## Exercise goal
Scanning the entries below, copy every line that contains the word "object".

╭─ Input records

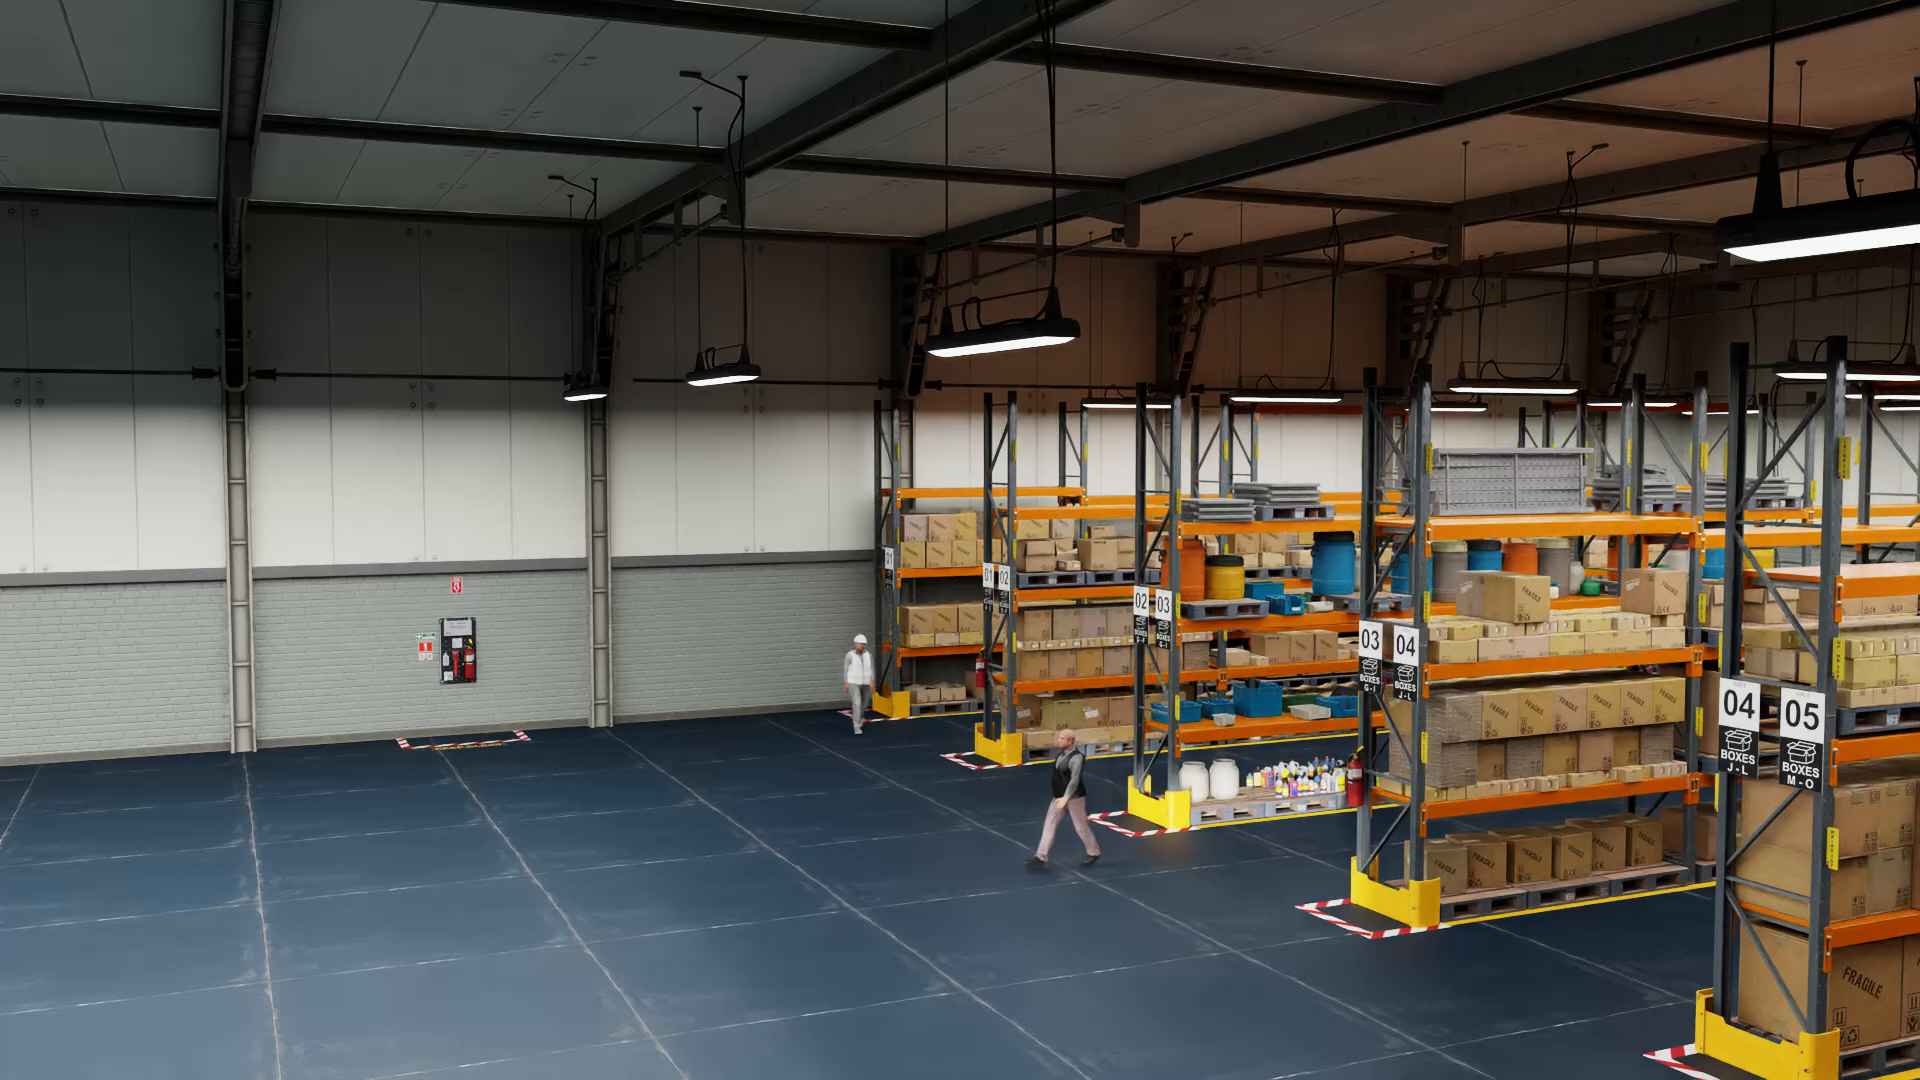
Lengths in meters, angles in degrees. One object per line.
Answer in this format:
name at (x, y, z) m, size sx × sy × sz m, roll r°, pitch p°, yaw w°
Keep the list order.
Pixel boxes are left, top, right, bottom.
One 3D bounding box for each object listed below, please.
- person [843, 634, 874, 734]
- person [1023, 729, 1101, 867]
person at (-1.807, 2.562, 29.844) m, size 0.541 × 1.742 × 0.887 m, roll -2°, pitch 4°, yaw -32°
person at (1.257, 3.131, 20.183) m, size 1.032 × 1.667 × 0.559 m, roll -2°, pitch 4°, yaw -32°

╰─
╭─ Input records

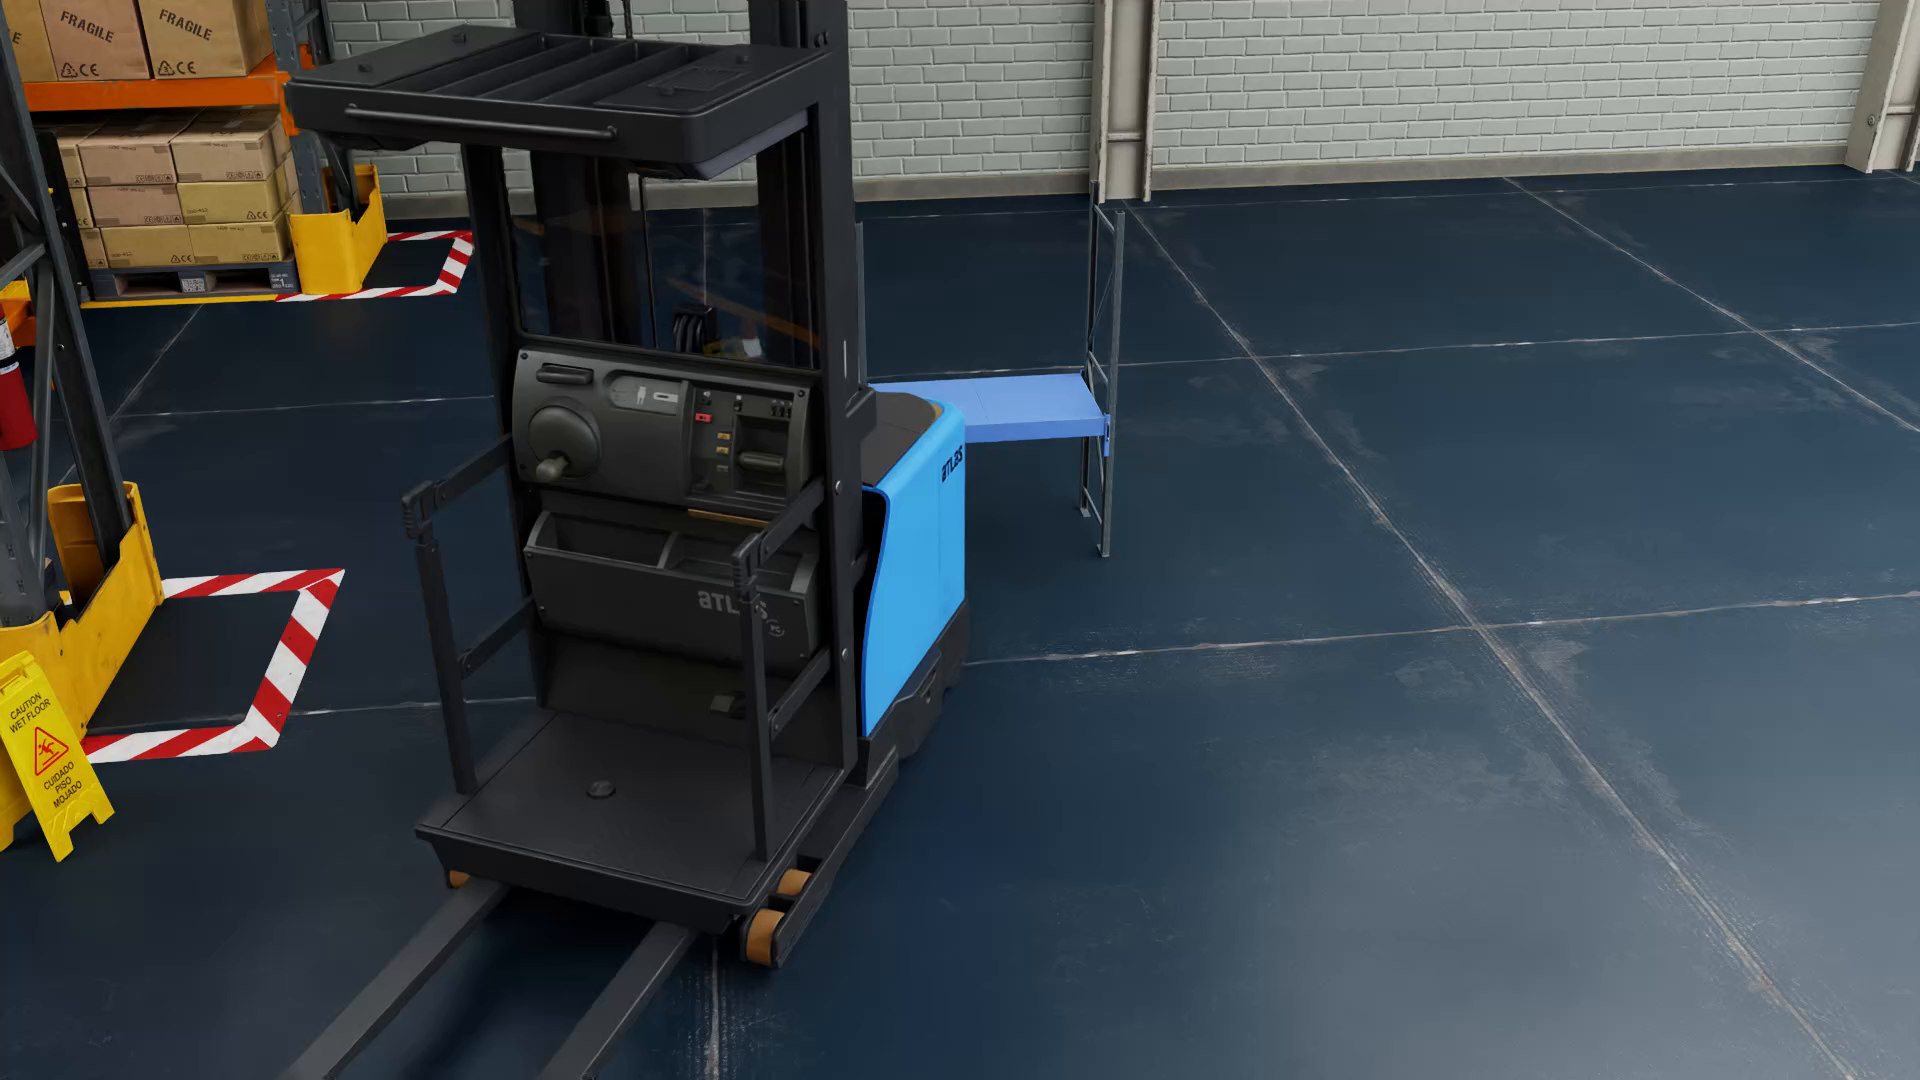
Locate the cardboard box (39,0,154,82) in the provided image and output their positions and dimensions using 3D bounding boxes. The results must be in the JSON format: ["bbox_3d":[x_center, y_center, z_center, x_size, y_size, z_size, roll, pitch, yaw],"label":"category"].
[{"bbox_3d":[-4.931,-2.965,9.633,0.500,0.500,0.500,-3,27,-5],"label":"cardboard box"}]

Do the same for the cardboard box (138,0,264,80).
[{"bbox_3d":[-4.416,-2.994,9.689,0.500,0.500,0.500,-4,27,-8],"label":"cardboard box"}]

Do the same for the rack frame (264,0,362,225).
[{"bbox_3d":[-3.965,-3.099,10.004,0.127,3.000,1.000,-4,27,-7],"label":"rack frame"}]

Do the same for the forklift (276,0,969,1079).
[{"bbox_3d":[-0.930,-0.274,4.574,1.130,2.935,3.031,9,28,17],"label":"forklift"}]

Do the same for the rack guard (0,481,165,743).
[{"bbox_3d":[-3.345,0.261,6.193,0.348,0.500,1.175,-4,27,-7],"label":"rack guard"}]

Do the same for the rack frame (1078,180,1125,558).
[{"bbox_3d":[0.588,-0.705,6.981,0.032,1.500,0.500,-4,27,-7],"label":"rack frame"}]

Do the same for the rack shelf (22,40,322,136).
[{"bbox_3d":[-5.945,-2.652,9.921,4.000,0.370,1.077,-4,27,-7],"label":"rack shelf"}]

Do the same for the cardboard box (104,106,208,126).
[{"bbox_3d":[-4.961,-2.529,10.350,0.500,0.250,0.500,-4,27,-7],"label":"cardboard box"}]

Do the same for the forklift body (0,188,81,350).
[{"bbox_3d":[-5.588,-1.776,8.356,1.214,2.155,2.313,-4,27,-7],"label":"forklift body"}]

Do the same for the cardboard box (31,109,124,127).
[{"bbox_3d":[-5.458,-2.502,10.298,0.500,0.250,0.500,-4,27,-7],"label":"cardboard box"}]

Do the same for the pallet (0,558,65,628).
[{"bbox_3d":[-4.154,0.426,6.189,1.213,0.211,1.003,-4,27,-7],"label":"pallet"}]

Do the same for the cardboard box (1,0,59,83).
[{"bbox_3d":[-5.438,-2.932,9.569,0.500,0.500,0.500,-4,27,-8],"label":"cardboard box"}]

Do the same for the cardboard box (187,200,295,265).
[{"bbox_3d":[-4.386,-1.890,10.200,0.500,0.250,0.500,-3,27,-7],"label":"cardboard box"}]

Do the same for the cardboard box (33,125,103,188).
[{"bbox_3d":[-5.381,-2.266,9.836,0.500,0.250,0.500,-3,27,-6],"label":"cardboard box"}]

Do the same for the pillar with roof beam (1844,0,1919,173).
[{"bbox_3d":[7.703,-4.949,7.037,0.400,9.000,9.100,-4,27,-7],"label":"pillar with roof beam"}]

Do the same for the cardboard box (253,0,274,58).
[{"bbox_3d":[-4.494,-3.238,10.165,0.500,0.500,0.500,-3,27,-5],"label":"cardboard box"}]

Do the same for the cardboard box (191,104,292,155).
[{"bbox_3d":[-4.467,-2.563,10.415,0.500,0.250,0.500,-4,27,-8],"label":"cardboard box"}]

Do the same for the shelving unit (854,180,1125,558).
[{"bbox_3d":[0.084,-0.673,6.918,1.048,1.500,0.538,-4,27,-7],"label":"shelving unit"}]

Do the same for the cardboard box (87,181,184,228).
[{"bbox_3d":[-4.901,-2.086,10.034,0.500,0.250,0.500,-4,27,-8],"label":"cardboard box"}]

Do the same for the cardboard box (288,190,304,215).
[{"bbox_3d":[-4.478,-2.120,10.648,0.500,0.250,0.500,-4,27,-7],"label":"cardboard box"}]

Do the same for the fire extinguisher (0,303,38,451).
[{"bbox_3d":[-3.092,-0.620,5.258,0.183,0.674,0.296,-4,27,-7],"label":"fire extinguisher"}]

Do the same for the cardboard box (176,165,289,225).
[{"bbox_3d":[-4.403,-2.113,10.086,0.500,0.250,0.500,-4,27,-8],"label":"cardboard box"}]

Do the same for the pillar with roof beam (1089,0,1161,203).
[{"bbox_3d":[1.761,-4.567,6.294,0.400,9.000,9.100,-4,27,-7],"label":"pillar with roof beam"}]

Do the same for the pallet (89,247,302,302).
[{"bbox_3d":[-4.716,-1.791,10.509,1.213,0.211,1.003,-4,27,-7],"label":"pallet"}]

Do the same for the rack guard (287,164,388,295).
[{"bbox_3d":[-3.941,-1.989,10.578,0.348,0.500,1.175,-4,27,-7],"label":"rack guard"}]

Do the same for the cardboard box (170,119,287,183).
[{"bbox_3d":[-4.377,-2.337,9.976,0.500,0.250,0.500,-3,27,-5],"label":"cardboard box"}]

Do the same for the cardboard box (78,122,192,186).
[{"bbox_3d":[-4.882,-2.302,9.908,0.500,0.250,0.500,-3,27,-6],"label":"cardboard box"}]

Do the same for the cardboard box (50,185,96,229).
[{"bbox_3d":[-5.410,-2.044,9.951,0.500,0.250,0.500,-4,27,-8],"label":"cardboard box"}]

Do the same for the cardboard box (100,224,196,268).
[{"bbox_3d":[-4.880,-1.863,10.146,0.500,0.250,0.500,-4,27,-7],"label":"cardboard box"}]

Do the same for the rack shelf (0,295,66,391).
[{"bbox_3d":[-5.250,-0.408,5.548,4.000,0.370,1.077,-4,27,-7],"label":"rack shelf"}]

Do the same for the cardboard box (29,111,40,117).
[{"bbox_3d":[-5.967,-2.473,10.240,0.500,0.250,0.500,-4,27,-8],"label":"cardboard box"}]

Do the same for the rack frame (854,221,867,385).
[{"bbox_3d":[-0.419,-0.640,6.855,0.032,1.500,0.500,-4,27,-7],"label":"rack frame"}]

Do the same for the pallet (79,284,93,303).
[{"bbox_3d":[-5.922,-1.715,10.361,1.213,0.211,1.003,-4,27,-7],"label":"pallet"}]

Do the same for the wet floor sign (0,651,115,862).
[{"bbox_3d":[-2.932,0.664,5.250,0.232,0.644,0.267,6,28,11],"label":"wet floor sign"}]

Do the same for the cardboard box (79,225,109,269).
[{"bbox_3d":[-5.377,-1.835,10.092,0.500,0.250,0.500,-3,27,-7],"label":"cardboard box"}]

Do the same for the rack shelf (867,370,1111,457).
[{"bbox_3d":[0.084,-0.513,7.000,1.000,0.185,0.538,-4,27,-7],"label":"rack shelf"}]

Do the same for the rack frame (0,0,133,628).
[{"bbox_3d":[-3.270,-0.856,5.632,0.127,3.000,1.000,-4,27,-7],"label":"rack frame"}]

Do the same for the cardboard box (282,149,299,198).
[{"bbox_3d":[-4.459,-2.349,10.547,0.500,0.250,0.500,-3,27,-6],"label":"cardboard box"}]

╰─

## Result below
Lengths in meters, angles in degrees. One object per line.
One 3D bounding box for each object listed below, please.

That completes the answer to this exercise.